Department of Biochemistry and Immunology, Ribeirão Preto Medical School, University of São Paulo, Ribeirão Preto, SP, Brazil.
Department of Medical Imaging, Hematology, and Oncology, Ribeirão Preto Medical School, University of São Paulo, Ribeirão Preto, Brazil.
Front Immunol. 2024 Oct 15;15:1468229. doi: 10.3389/fimmu.2024.1468229. eCollection 2024.
Breast cancer is a significant public health problem around the world, ranking first in deaths due to cancer in females. The therapy to fight breast cancer involves different methods, including conventional chemotherapy. However, the acquired resistance that tumors develop during the treatment is still a central cause of cancer-associated deaths.
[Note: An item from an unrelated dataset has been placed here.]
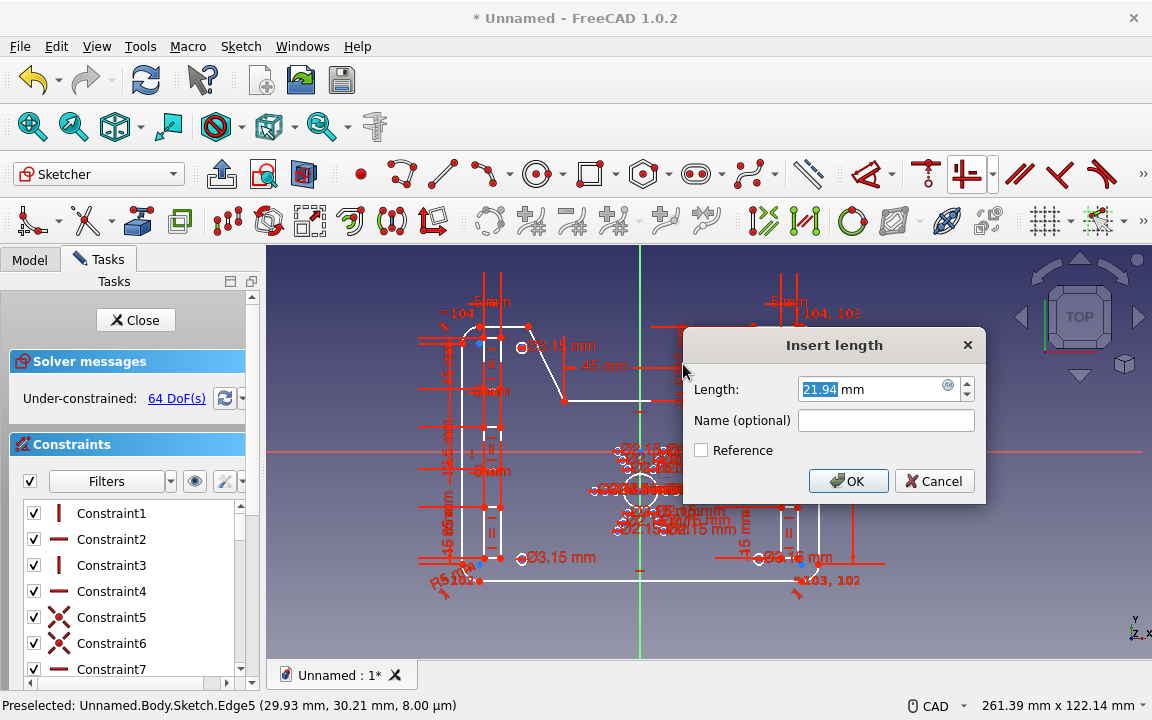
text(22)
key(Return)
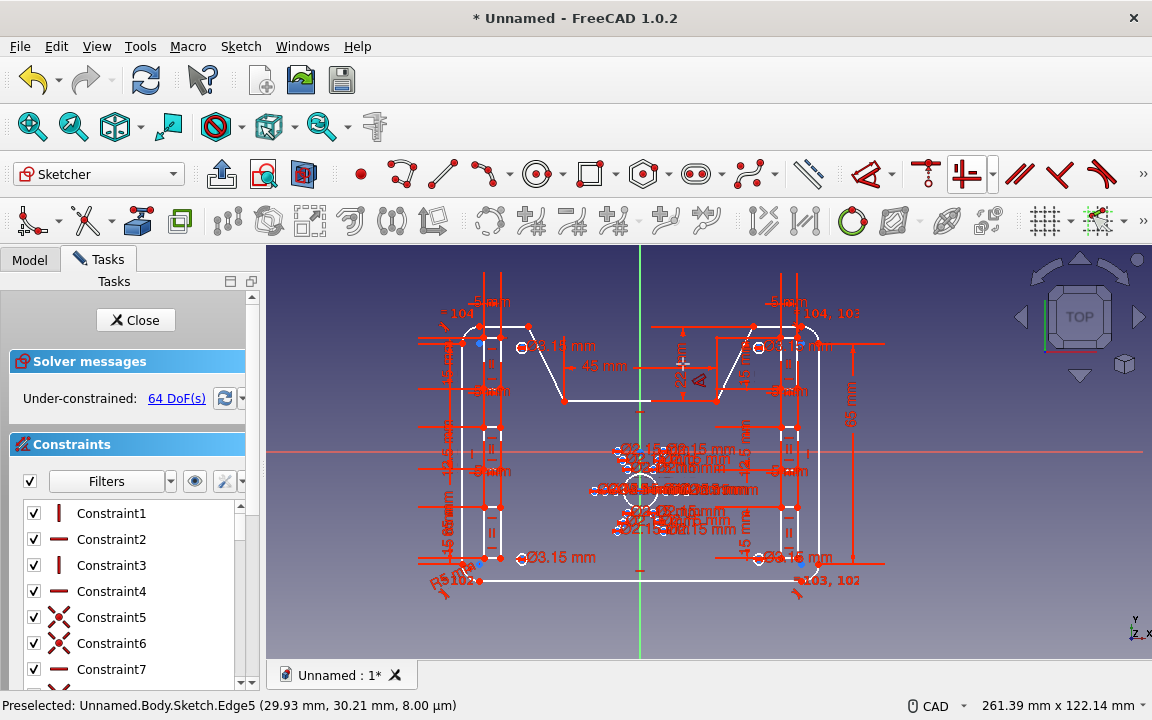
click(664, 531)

One mechanism that induces drug resistance is cell communication via extracellular vesicles (EVs), which can carry efflux transporters and miRNA that increase sensitive cells' survivability to chemotherapy.
Our study investigates the transcription changes modulated by EVs from tamoxifen- and doxorubicin-resistant breast cancer cells in sensitive cells and how these changes may induce acquired drug resistance, inhibit apoptosis, and increase survivability in the sensitive cells. Additionally, we exposed human macrophages to resistant EVs to understand the influence of EVs on immune responses.
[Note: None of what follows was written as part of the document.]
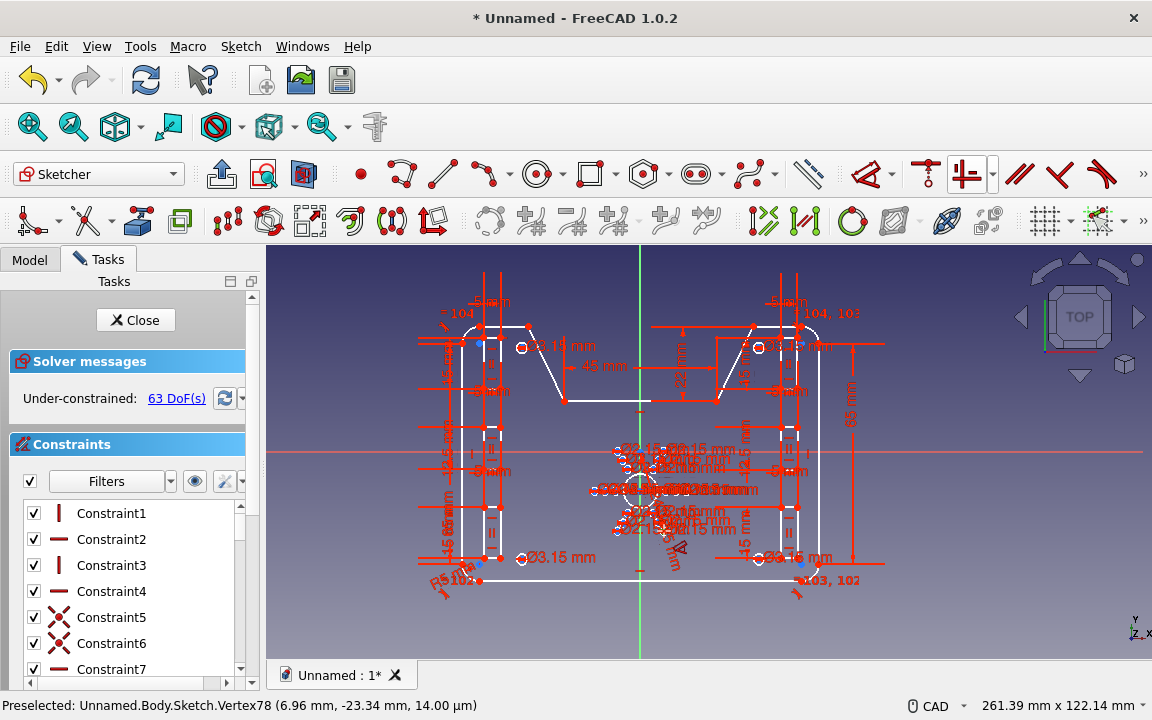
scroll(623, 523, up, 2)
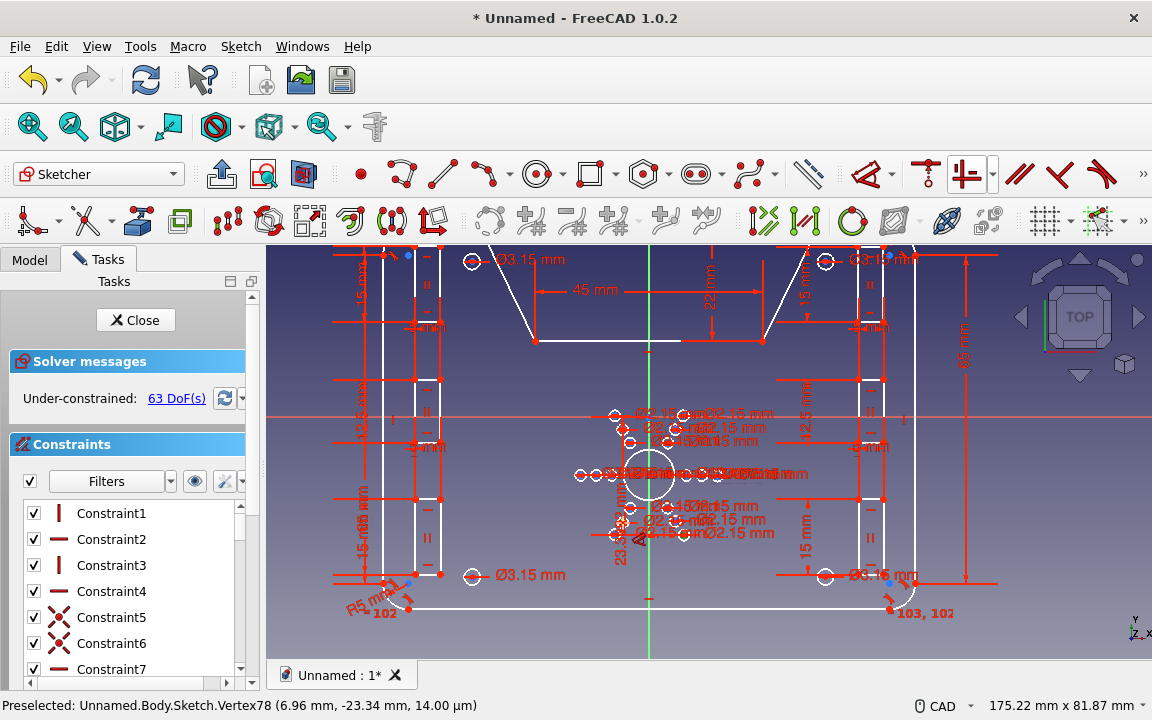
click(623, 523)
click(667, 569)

Our results suggest that the acquired drug resistance is associated with the ability of resistant EVs to upregulate several transporter classes, which are directly related to the increase of cell viability and survival of sensitive cells exposed to EVs before a low-dose drug treatment. In addition, we show evidence that resistant EVs may downregulate immune system factors to evade detection and block cell death by apoptosis in sensitive breast cancer cells. Our data also reveals that human macrophages in contact with resistant EVs trigger a pro-inflammatory cytokine secretion profile, an effect that may be helpful for future immunotherapy studies.
These findings are the first transcriptome-wide analysis of cells exposed to resistant EVs, supporting that resistant EVs are associated with the acquired drug resistance process during chemotherapy by modulating different aspects of sensitive cancer cells that coffer the chemoresistance.
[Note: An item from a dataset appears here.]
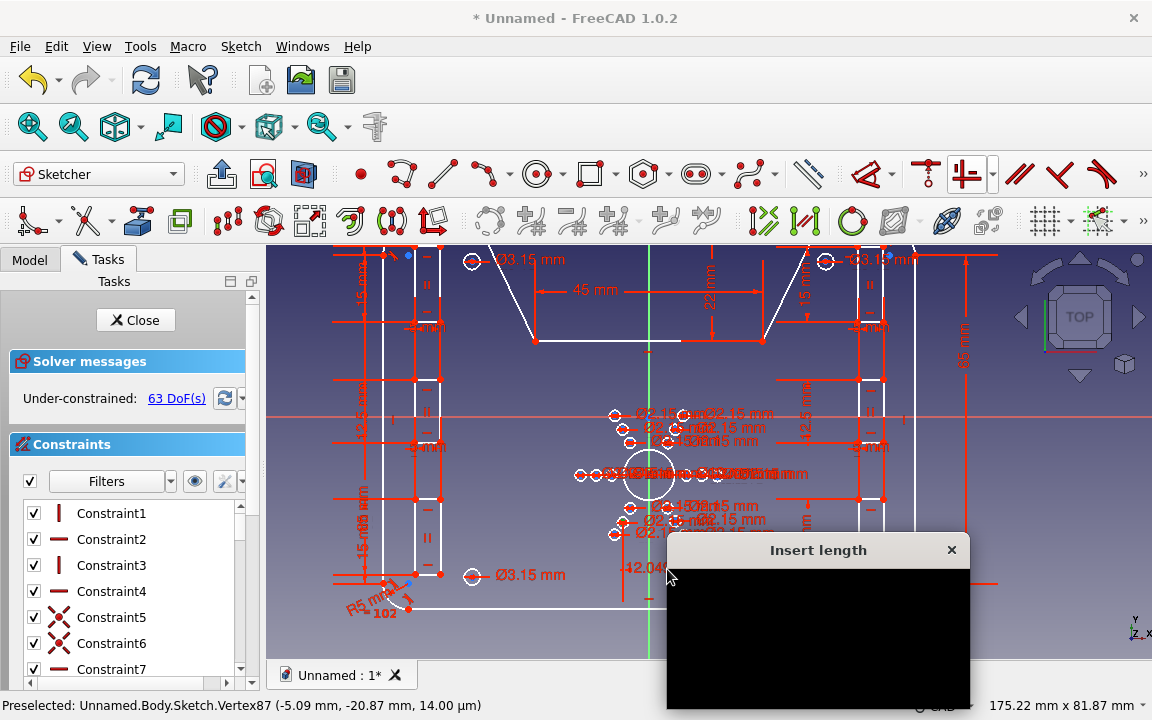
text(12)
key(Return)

乳腺癌是全球重大公共健康问题,在女性因癌症死亡的病例中,乳腺癌位居第一。治疗乳腺癌的方法包括常规化疗,但肿瘤在治疗过程中产生的获得性耐药性仍然是癌症相关死亡的主要原因。一种诱导耐药性的机制是通过细胞外囊泡(EVs)进行细胞间通讯,EVs 可以携带外排转运蛋白和 miRNA,从而增加化疗敏感细胞的存活能力。
我们的研究调查了来自他莫昔芬和阿霉素耐药乳腺癌细胞的 EVs 调节敏感细胞中转录变化的情况,以及这些变化如何诱导获得性耐药性、抑制细胞凋亡和增加敏感细胞的存活能力。此外,我们还将人巨噬细胞暴露于耐药 EVs 中,以了解 EVs 对免疫反应的影响。
我们的结果表明,获得性耐药性与耐药 EVs 上调几种转运蛋白类别的能力有关,这与在低剂量药物处理前暴露于 EVs 的敏感细胞的细胞活力和存活增加直接相关。此外,我们还证明耐药 EVs 可能下调免疫系统因子,以逃避检测并阻止敏感乳腺癌细胞的细胞凋亡。我们的数据还表明,与耐药 EVs 接触的人巨噬细胞会触发促炎细胞因子分泌谱,这一效应可能有助于未来的免疫治疗研究。
这些发现是首次对接触耐药 EVs 的细胞进行全转录组分析,支持耐药 EVs 通过调节敏感癌细胞的多个方面与化疗过程中的获得性耐药性过程相关,从而赋予其化疗耐药性。